Serious effects may result in hypoxic babies that suffer through uterine tachysystole such as cerebral palsy, organ damage, acidemia/acidosis, brain damage and death. Some of these consequences may be life-long for the mother or the fetus. Newborns born to mothers that experiences tachysystole were two times as likely to be admitted into NICU. There are also risks that are posed to the mother as well resulting from UT including increased C-section rates, cervical laceration, placental abruption or uterine rupture (for women with history of C-sections), infection, antepartum or postpartum hemorrhage, increased risk of amniotic fluid embolism, and death.

== Epidemiology ==
A study of 890 patients revealed that about 11.1% of the sample had a minimum of one episode of uterine tachysystole with the incidence being higher in non-whites. The adjusted odds ratio for UT in Hispanics was about 1.66 with a 95% confidence interval of 1.28-2.05, 1.58 for African Americans with a 95% confidence interval of about 1.05-2.38, and 1.51 for Asians with a 95% confidence interval of about 1.13-2.0. The subjects in the study with uterine tachysystole had a higher usage of epidural analgesia with 62.2% of those with UT having taken an epidural compared to the 40.9% of the subjects in the group without UT having taken an epidural ( p < 0.001).
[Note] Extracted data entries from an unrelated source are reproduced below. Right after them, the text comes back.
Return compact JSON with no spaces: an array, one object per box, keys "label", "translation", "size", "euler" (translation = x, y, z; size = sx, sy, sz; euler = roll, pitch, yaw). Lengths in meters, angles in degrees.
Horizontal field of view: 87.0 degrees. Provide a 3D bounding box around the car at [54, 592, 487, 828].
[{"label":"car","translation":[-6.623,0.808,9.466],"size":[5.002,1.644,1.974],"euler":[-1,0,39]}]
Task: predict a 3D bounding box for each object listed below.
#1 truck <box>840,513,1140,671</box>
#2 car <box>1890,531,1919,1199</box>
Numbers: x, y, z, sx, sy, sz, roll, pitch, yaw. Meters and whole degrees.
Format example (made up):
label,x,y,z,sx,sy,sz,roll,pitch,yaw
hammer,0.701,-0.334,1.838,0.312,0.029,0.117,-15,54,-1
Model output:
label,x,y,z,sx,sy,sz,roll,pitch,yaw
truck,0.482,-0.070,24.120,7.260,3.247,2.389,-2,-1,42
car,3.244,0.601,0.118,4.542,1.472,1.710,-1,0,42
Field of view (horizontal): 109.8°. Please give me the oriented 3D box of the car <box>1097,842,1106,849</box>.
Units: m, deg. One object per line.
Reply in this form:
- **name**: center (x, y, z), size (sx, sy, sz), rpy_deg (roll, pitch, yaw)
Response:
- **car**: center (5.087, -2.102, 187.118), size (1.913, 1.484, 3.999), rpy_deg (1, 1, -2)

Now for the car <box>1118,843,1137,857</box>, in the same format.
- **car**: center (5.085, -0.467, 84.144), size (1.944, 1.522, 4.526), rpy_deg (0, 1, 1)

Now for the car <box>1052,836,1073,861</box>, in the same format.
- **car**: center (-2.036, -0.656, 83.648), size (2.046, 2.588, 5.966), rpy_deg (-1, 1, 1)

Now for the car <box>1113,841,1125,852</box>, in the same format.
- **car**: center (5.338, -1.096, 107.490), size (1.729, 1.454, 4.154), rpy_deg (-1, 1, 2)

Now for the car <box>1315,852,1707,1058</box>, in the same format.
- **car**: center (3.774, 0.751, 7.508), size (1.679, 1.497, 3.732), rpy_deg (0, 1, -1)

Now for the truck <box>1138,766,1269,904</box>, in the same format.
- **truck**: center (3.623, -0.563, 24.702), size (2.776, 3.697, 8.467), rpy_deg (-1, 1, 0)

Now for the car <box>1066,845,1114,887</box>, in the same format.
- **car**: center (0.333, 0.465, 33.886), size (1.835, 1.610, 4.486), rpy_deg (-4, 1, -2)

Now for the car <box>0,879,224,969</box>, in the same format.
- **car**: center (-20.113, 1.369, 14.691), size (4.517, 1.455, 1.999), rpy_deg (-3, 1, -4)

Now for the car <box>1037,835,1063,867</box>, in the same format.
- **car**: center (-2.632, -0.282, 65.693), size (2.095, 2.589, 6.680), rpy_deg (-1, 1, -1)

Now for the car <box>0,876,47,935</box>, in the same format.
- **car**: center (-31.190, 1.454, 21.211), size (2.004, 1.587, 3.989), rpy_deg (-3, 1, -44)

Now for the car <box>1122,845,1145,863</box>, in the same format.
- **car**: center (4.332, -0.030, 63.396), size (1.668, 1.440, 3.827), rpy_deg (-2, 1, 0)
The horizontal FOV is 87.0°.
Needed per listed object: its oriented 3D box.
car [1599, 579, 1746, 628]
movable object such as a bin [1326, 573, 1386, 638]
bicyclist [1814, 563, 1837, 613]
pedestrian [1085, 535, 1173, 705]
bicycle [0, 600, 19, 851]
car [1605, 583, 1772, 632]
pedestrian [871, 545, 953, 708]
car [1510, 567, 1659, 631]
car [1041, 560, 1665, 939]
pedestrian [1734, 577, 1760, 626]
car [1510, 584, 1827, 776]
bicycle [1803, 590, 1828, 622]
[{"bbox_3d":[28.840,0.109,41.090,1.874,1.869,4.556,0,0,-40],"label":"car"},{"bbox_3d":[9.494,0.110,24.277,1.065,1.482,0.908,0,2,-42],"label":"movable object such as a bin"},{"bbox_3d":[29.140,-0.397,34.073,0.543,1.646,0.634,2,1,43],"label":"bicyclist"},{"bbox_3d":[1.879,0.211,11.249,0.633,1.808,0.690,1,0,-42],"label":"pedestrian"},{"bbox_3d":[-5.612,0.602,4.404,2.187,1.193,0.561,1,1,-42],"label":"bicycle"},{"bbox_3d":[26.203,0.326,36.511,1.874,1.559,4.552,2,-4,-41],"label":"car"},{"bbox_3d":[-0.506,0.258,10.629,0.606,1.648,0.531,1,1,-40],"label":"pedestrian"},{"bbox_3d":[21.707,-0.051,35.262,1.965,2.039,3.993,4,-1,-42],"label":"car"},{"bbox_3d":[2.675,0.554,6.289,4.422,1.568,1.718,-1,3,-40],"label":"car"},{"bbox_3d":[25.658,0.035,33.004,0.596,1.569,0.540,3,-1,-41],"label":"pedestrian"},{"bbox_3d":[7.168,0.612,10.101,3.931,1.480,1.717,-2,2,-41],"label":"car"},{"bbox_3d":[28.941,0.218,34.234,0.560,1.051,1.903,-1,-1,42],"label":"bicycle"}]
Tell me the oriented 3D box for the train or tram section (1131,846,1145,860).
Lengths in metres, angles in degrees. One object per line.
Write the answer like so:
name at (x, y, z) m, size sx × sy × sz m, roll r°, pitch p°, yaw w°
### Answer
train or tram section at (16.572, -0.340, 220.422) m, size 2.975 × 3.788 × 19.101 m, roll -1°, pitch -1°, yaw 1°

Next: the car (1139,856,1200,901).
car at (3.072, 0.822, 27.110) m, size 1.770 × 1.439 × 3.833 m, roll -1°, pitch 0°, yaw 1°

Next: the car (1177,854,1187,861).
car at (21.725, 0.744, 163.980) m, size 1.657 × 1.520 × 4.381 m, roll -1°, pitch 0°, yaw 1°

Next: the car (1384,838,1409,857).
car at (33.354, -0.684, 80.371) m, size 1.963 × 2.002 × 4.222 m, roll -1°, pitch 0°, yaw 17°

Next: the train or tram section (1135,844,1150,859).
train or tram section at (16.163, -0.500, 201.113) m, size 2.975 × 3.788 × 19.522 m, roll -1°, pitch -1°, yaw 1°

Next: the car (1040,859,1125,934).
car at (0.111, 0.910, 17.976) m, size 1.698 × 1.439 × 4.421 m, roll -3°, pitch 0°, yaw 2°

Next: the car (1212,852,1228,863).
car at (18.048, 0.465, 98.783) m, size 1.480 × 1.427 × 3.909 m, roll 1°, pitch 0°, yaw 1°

Uterine tachysystole was found in higher rates among women who had yet to have previously born a viable child as well as in women carrying heavier fetuses.

== Research directions ==
Further research is needed on uterine tachysystole with larger sample sizes of women. Future directions of research may include the measure of clinically relevant outcomes for the mother and the baby resulting from uterine tachysystole such as death, well-being, and safety of the mother and/or the baby. Future research on the administration of misoprostol is needed so that this medication may be able to be safely administered to induce labor while simultaneously minimizing the risk of developing uterine tachysystole.